In November 2011, The Department of Health and Human Services’ Office for Civil Rights (OCR) announced a new effort to audit covered entity and business associate compliance under Health Insurance Portability and Accountability Act (HIPAA) Privacy and Security Rules, as amended by the Health Information Technology for Economic and Clinical Health (HITECH) Act (HIPAA and HITECH are jointly referred to as HIPAA.

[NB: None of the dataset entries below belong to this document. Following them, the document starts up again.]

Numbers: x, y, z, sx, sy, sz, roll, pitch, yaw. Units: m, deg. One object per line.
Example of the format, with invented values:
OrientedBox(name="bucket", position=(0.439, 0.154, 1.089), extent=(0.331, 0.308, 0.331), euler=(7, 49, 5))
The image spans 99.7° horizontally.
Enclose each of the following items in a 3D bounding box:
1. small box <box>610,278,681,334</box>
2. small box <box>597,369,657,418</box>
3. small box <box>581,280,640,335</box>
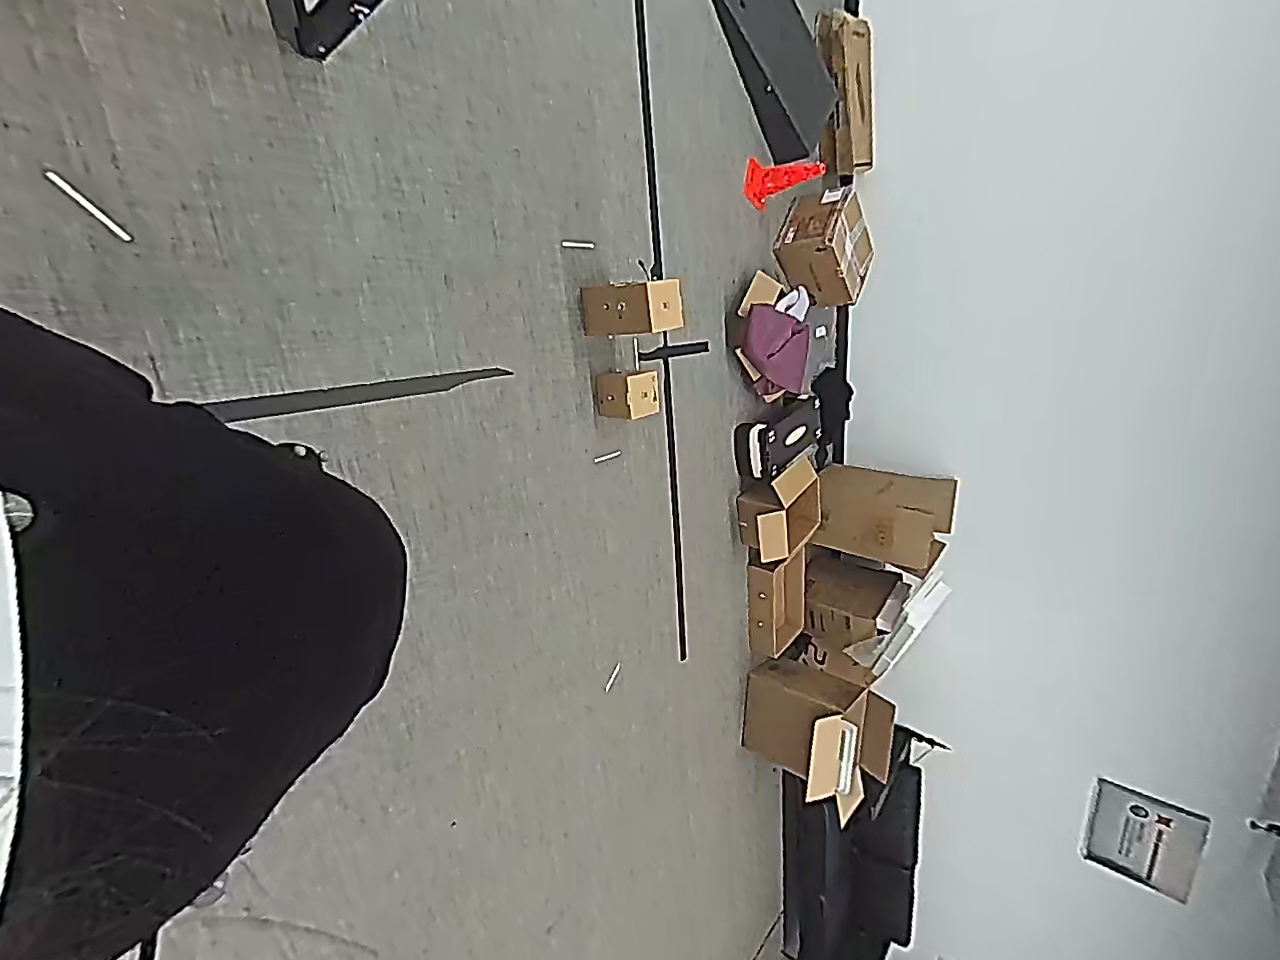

As authorized and required under HIPAA, OCR will begin conducting HIPAA compliance audits at covered entities and business associates in order to uncover risks or vulnerabilities in the privacy and security rules under HIPAA. OCR is expected to perform 150 audits by the end of 2012. The Audit Program is primarily intended to improve OCR’s understanding of compliance efforts with particular aspects of the Standards, to determine what types of technical assistance should be developed and to determine what types of corrective actions are being developed. OCR will share best practices identified during the Pilot Audit Program and issue guidance on common compliance challenges, but it will not publish a list of the audited covered entities or any findings of an audit that could identify an audited entity. The OCR has engaged a private contractor, accounting firm KPMG LLP, to conduct the audits. Entities that are being audited will be required to respond to KPMG document requests within 10 business days of receipt and will likely have 30 to 90 days’ notice of the on-site visit by KPMG. The on-site visit will last three to 10 business days depending on the complexity of the organization. KPMG will provide its draft report to the audited entity for review and comment, give the entity 10 business days for that review and then submit its final report to OCR.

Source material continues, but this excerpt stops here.